[Excerpted records — start]

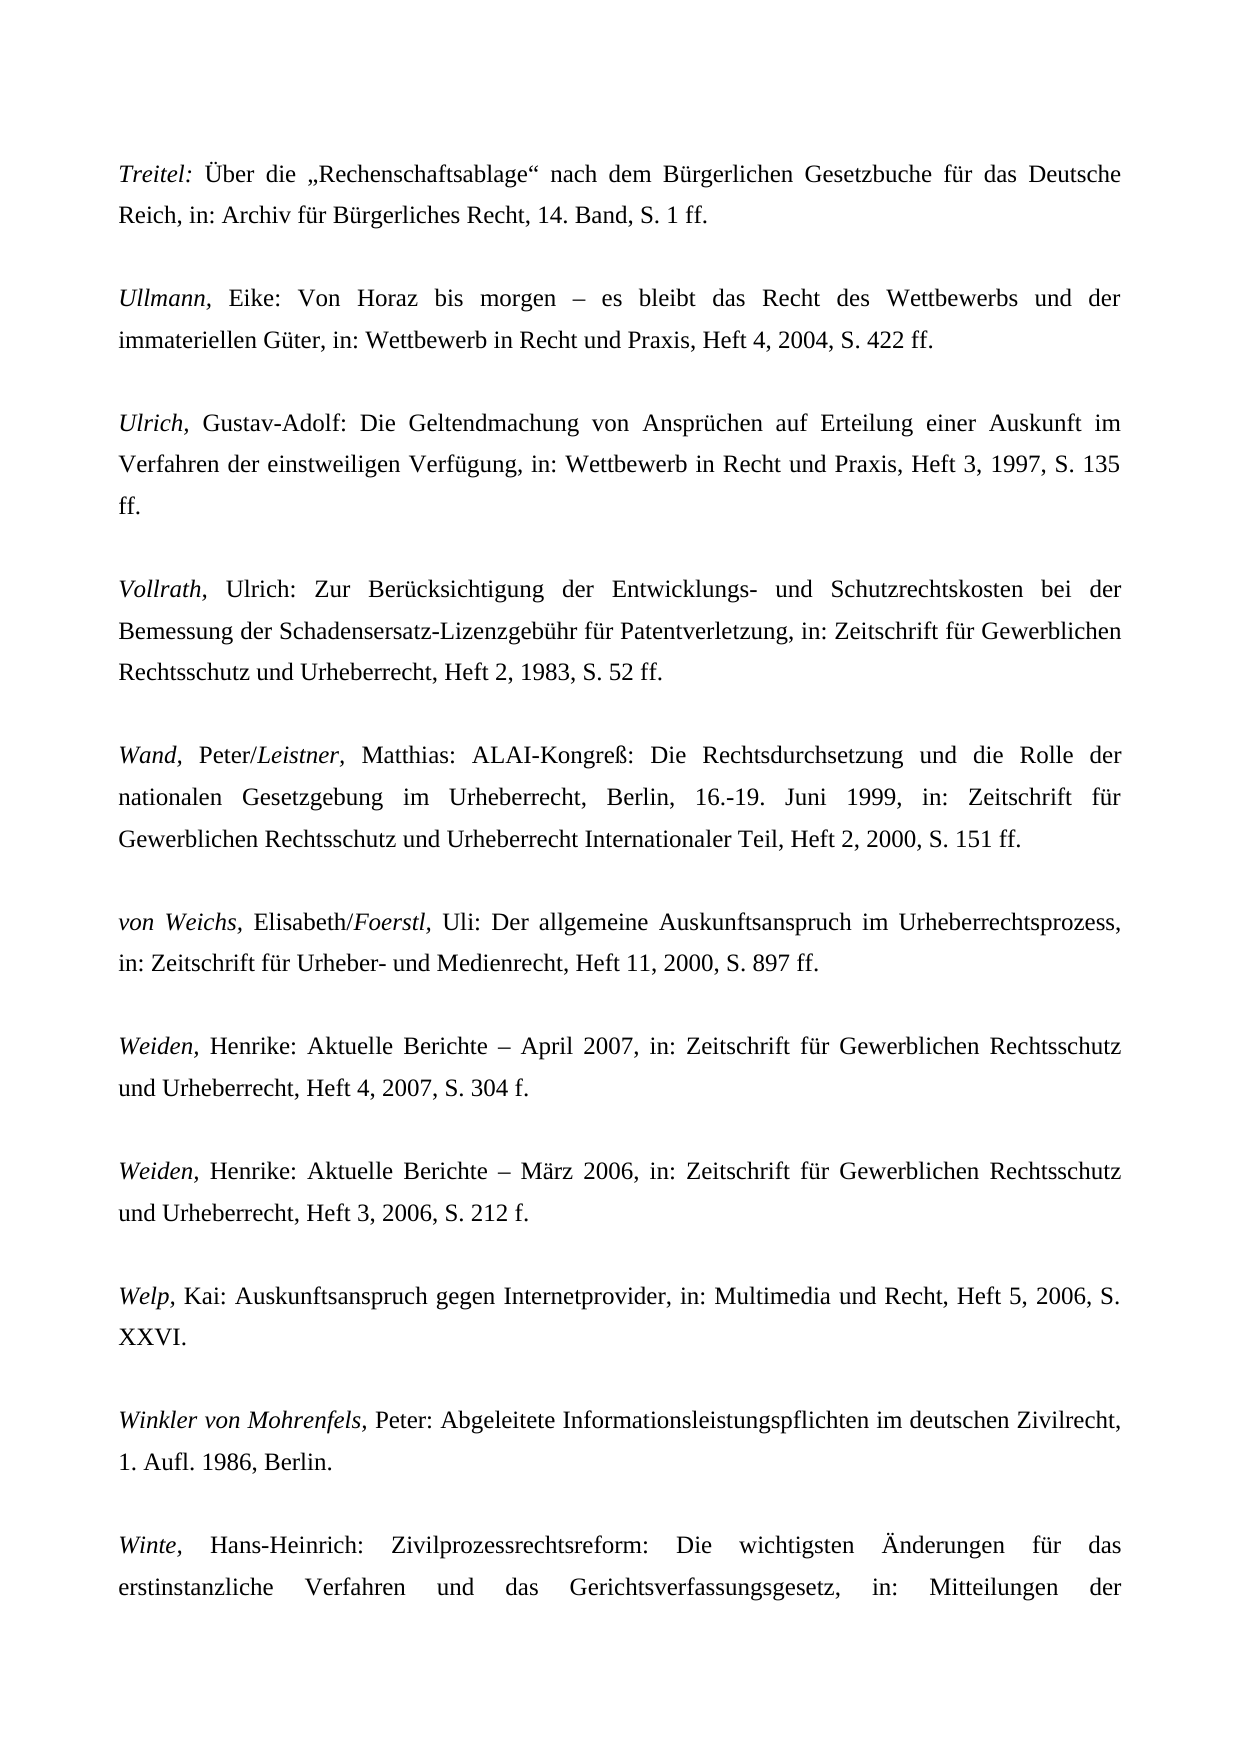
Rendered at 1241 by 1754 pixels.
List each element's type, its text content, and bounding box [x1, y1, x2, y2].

text Welp, Kai: Auskunftsanspruch gegen Internetprovider, in: Multimedia und Recht, Heft 5, 2006, S. XXVI. [118, 1282, 1122, 1351]
text Weiden, Henrike: Aktuelle Berichte – April 2007, in: Zeitschrift für Gewerblichen Rechtsschutz und Urheberrecht, Heft 4, 2007, S. 304 f. [118, 1032, 1122, 1102]
text Ulrich, Gustav-Adolf: Die Geltendmachung von Ansprüchen auf Erteilung einer Auskunft im Verfahren der einstweiligen Verfügung, in: Wettbewerb in Recht und Praxis, Heft 3, 1997, S. 135 ff. [118, 409, 1122, 520]
text Winkler von Mohrenfels, Peter: Abgeleitete Informationsleistungspflichten im deutschen Zivilrecht, 1. Aufl. 1986, Berlin. [118, 1407, 1122, 1476]
text von Weichs, Elisabeth/Foerstl, Uli: Der allgemeine Auskunftsanspruch im Urheberrechtsprozess, in: Zeitschrift für Urheber- und Medienrecht, Heft 11, 2000, S. 897 ff. [118, 908, 1122, 977]
text Ullmann, Eike: Von Horaz bis morgen – es bleibt das Recht des Wettbewerbs und der immateriellen Güter, in: Wettbewerb in Recht und Praxis, Heft 4, 2004, S. 422 ff. [118, 284, 1122, 354]
text Weiden, Henrike: Aktuelle Berichte – März 2006, in: Zeitschrift für Gewerblichen Rechtsschutz und Urheberrecht, Heft 3, 2006, S. 212 f. [118, 1157, 1122, 1226]
text Wand, Peter/Leistner, Matthias: ALAI-Kongreß: Die Rechtsdurchsetzung und die Rolle der nationalen Gesetzgebung im Urheberrecht, Berlin, 16.-19. Juni 1999, in: Zeitschrift für Gewerblichen Rechtsschutz und Urheberrecht Internationaler Teil, Heft 2, 2000, S. 151 ff. [118, 742, 1122, 852]
text Winte, Hans-Heinrich: Zivilprozessrechtsreform: Die wichtigsten Änderungen für das erstinstanzliche Verfahren und das Gerichtsverfassungsgesetz, in: Mitteilungen der [118, 1531, 1122, 1601]
text Vollrath, Ulrich: Zur Berücksichtigung der Entwicklungs- und Schutzrechtskosten bei der Bemessung der Schadensersatz-Lizenzgebühr für Patentverletzung, in: Zeitschrift für Gewerblichen Rechtsschutz und Urheberrecht, Heft 2, 1983, S. 52 ff. [118, 575, 1122, 686]
text Treitel: Über die „Rechenschaftsablage“ nach dem Bürgerlichen Gesetzbuche für das Deutsche Reich, in: Archiv für Bürgerliches Recht, 14. Band, S. 1 ff. [118, 160, 1122, 229]

[Excerpted records — finish]

→ **Task goal**:
For every line above with the word "Rechtsschutz" in it, make a copy.

→ **Answer box**:
text Weiden, Henrike: Aktuelle Berichte – April 2007, in: Zeitschrift für Gewerblichen Rechtsschutz und Urheberrecht, Heft 4, 2007, S. 304 f. [118, 1032, 1122, 1102]
text Weiden, Henrike: Aktuelle Berichte – März 2006, in: Zeitschrift für Gewerblichen Rechtsschutz und Urheberrecht, Heft 3, 2006, S. 212 f. [118, 1157, 1122, 1226]
text Wand, Peter/Leistner, Matthias: ALAI-Kongreß: Die Rechtsdurchsetzung und die Rolle der nationalen Gesetzgebung im Urheberrecht, Berlin, 16.-19. Juni 1999, in: Zeitschrift für Gewerblichen Rechtsschutz und Urheberrecht Internationaler Teil, Heft 2, 2000, S. 151 ff. [118, 742, 1122, 852]
text Vollrath, Ulrich: Zur Berücksichtigung der Entwicklungs- und Schutzrechtskosten bei der Bemessung der Schadensersatz-Lizenzgebühr für Patentverletzung, in: Zeitschrift für Gewerblichen Rechtsschutz und Urheberrecht, Heft 2, 1983, S. 52 ff. [118, 575, 1122, 686]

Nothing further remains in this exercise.